Review

Lotte Laserstein

Face to Face

“Lotte Laserstein ranks among the very best of the younger generation of painters”, raved the press in 1929.

Berlin’s Lotte Laserstein (1898-1993) was one of the most sensitive portrait painters of the early Modernist period when tradition vied with innovation. By the time she was 30, she was a well-known and successful artist. Her career was brutally ended in 1933.

Berlin’s public museum of modern art, photography and architecture will show 58 works – 48 paintings and 9 drawings – by Laserstein along with documents reflecting her professional heyday in Berlin and her exile in Sweden. The Berlinische Galerie will take over the exhibition Face to Face organised by the Städel Museum in Frankfurt, running there until 17 March. In Berlin, these works by Laserstein will be joined by portraits, landscapes, late works and also other paintings from her artistic environment in the 1920/30s.
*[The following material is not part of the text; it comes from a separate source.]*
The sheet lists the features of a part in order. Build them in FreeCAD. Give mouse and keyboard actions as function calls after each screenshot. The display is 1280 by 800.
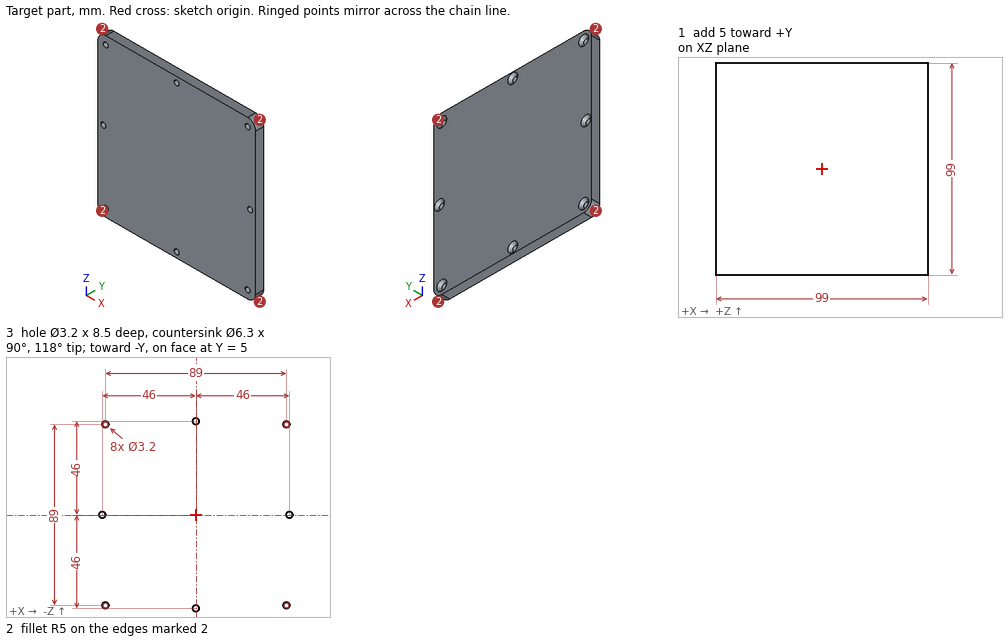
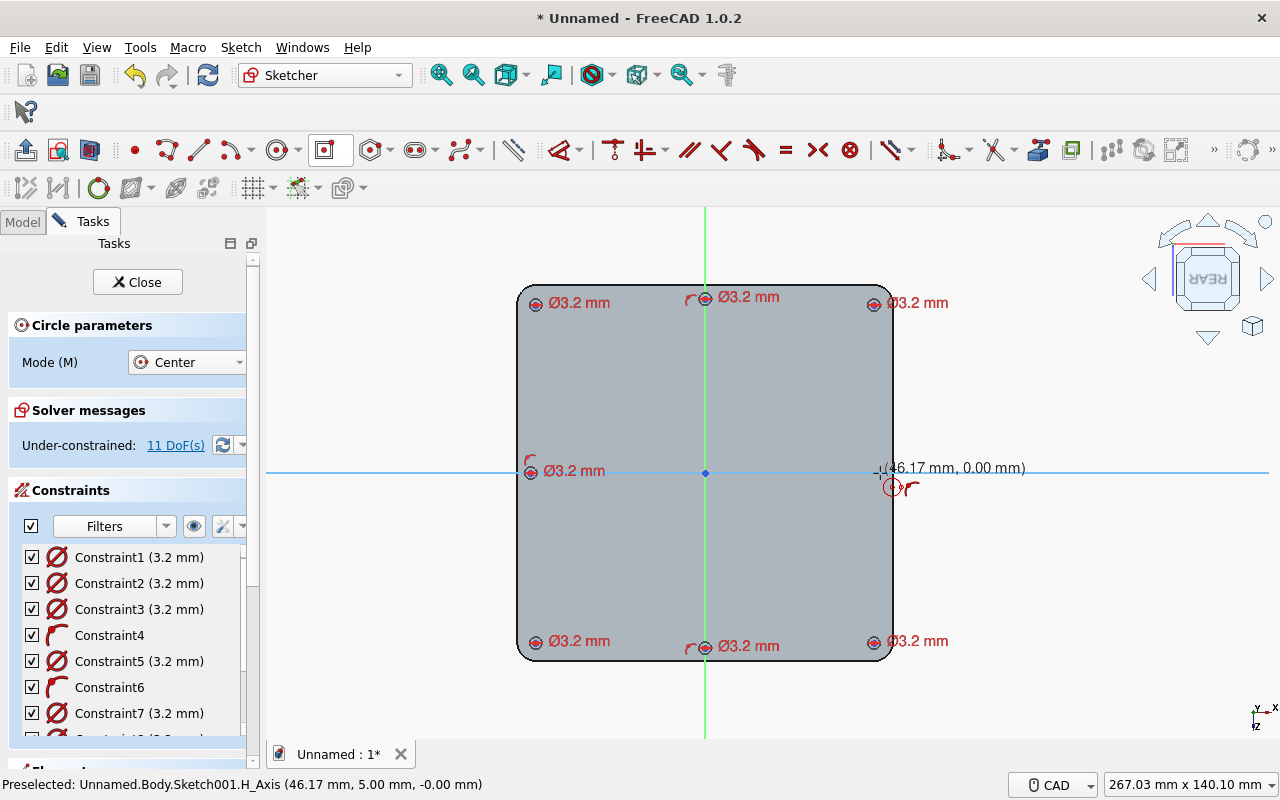
click(880, 473)
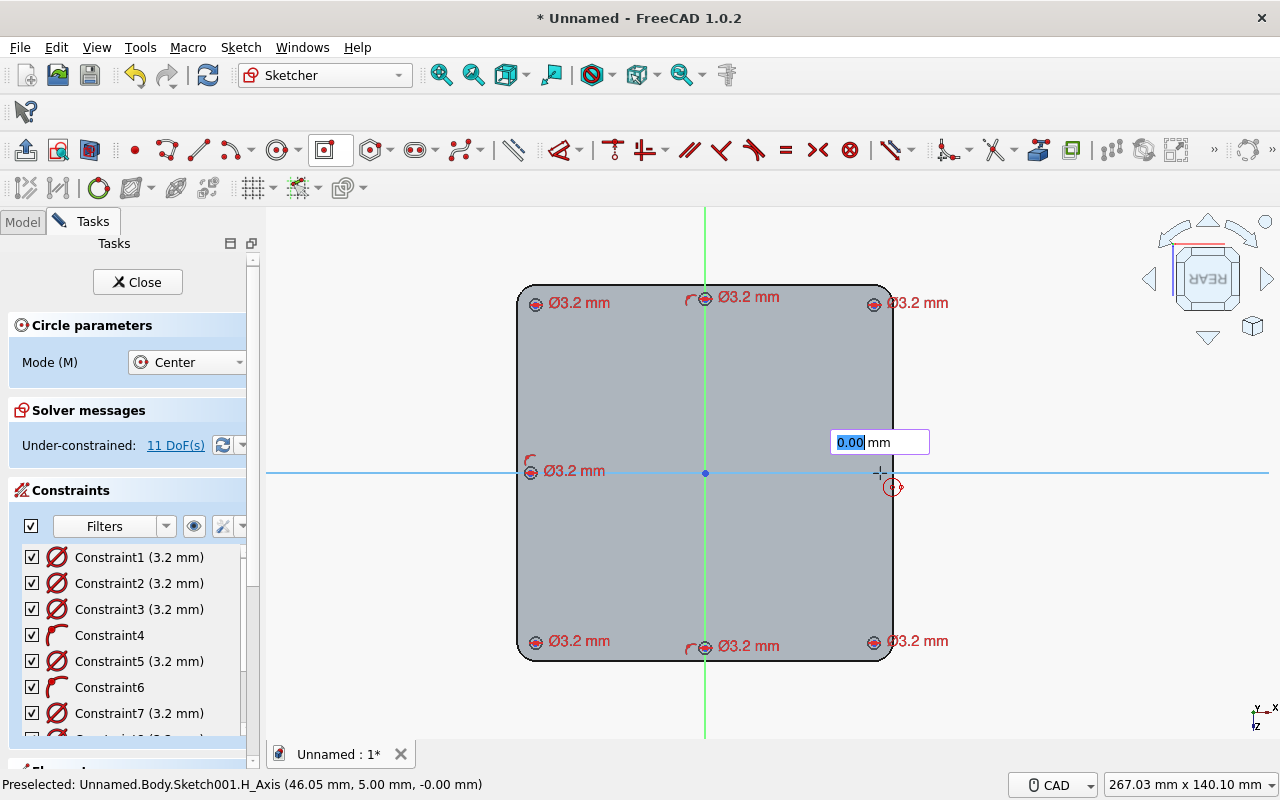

Lotte Laserstein had a talent for combining two universes. She played with quotes from art history but also with hallmarks of Post-Impressionism – its flat forms and its brushwork. Laserstein was a gentle, empathetic chronicler of the 1920s and 1930s: she painted women and men of the new era and of every class as naturally as she found them. She used pictorial means to defy contemporary social norms about gender roles.

An exhibition of the Städel Museum, Frankfurt am Main, in collaboration with the Berlinische Galerie.